Now, best models are chosen for each model type, we are going to compare all six models log-loss values from running on the test set then pick the final winner. Just like previous step, we will create a data frame with all six log-loss values and their corresponding model names, then return the row with the lowest log-loss value by using the which.min function.
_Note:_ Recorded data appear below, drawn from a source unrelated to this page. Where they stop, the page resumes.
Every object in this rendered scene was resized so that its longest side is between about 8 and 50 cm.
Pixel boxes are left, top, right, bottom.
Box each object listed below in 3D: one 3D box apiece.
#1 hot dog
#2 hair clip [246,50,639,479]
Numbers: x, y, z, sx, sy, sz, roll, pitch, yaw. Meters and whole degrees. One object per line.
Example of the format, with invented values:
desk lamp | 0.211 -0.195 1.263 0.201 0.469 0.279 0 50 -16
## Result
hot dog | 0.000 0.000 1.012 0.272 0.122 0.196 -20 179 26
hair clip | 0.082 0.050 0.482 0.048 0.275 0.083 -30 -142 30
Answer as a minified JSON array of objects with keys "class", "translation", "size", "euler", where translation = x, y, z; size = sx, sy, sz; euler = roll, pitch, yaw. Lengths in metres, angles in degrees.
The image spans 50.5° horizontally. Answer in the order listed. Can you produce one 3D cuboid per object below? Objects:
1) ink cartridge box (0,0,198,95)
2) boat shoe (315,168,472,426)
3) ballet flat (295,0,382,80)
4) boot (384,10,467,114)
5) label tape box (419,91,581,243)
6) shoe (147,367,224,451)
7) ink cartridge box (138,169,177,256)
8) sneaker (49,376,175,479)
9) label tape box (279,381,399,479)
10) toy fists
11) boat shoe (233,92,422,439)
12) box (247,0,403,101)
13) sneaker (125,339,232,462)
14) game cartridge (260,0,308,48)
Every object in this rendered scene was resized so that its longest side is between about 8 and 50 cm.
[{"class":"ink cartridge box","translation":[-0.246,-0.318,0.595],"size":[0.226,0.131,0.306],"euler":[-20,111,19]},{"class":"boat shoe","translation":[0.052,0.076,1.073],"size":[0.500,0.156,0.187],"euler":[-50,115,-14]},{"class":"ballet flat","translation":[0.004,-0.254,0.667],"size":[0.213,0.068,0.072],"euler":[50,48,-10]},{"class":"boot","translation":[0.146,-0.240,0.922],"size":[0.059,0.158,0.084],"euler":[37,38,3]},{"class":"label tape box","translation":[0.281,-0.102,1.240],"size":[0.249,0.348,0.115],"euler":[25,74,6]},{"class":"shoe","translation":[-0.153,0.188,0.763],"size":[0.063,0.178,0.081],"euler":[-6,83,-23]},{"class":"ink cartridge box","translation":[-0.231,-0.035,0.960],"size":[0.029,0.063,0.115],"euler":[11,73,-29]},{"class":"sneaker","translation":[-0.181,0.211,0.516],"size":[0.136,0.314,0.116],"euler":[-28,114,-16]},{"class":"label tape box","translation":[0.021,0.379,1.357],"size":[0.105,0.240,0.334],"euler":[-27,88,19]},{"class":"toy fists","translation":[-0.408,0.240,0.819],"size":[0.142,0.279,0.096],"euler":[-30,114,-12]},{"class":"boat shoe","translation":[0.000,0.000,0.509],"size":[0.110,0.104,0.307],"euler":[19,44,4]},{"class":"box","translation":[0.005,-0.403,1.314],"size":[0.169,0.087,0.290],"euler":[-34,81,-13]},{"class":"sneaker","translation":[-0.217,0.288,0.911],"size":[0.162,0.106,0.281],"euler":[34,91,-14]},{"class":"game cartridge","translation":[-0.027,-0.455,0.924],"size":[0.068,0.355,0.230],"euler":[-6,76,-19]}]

Finally, we will insert the model name as an inline R code into the conclusion.

final_pick <- data.frame(logloss_value = c(f, g, d, e, h), model = c("LASSO logistic regression model", "Classification tree model", "Random forest model", "Logistic model tree", "Linear discriminant analysis model"))
#append with previous best logistic model
final_pick <- rbind(final_pick, log_best)
final_pick
## # A tibble: 6 × 2
##   logloss_value model                             
##           <dbl> <chr>                             
## 1         0.333 LASSO logistic regression model   
## 2         0.419 Classification tree model         
## 3         0.459 Random forest model               
## 4         0.344 Logistic model tree               
## 5         0.340 Linear discriminant analysis model
## 6         0.329 Logistc regression model three
#return the smallest log-loss model
final_best <- final_pick[which.min(final_pick$logloss_value),]
final_best
## # A tibble: 1 × 2
##   logloss_value model                         
##           <dbl> <chr>                         
## 1         0.329 Logistc regression model three

Finally, after comparing all six models’ log-loss values fitting on the test set, the Logistc regression model three has the lowest log-loss value (0.3294329), thus, the Logistc regression model three is the best model for predicting diabetes diagnosis.